- _Activity_
What you should give back is every line from the one containing "8. rhino figurine <box>223,394,378,479</box>" through the last line of the records below, word for word and without pictures.

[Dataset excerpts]
Start of Block

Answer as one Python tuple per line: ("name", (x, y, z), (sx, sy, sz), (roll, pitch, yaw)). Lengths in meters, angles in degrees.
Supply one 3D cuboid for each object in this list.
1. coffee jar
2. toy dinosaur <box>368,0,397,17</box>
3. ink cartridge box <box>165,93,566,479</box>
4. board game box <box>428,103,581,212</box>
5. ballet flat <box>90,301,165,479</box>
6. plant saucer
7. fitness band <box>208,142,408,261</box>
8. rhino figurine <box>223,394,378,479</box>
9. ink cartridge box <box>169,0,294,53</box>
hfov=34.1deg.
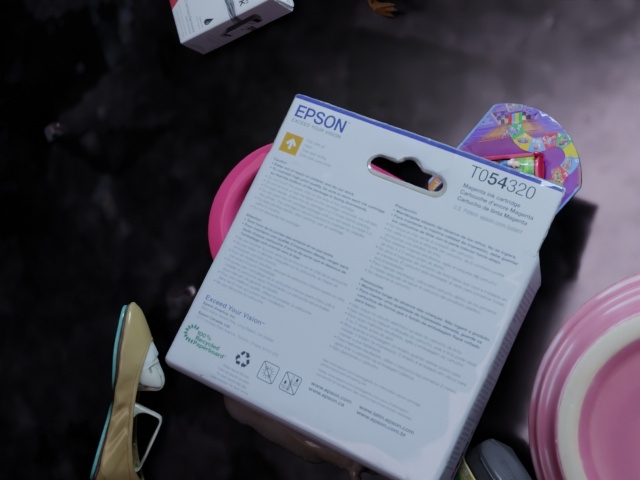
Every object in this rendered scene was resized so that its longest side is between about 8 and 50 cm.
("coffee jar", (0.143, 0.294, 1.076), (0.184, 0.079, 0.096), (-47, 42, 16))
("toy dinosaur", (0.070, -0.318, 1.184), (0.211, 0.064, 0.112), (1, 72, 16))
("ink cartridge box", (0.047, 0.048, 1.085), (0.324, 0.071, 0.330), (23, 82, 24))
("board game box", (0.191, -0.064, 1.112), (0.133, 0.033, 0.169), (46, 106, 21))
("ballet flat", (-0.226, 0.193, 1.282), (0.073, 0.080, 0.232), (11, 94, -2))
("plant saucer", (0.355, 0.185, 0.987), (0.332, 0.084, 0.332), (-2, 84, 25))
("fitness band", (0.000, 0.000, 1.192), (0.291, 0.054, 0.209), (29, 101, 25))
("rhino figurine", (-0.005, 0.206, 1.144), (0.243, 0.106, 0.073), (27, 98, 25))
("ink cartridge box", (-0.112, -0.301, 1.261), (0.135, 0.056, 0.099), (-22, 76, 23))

End of Block

- _Reply to the task_
8. rhino figurine <box>223,394,378,479</box>
9. ink cartridge box <box>169,0,294,53</box>
hfov=34.1deg.
Every object in this rendered scene was resized so that its longest side is between about 8 and 50 cm.
("coffee jar", (0.143, 0.294, 1.076), (0.184, 0.079, 0.096), (-47, 42, 16))
("toy dinosaur", (0.070, -0.318, 1.184), (0.211, 0.064, 0.112), (1, 72, 16))
("ink cartridge box", (0.047, 0.048, 1.085), (0.324, 0.071, 0.330), (23, 82, 24))
("board game box", (0.191, -0.064, 1.112), (0.133, 0.033, 0.169), (46, 106, 21))
("ballet flat", (-0.226, 0.193, 1.282), (0.073, 0.080, 0.232), (11, 94, -2))
("plant saucer", (0.355, 0.185, 0.987), (0.332, 0.084, 0.332), (-2, 84, 25))
("fitness band", (0.000, 0.000, 1.192), (0.291, 0.054, 0.209), (29, 101, 25))
("rhino figurine", (-0.005, 0.206, 1.144), (0.243, 0.106, 0.073), (27, 98, 25))
("ink cartridge box", (-0.112, -0.301, 1.261), (0.135, 0.056, 0.099), (-22, 76, 23))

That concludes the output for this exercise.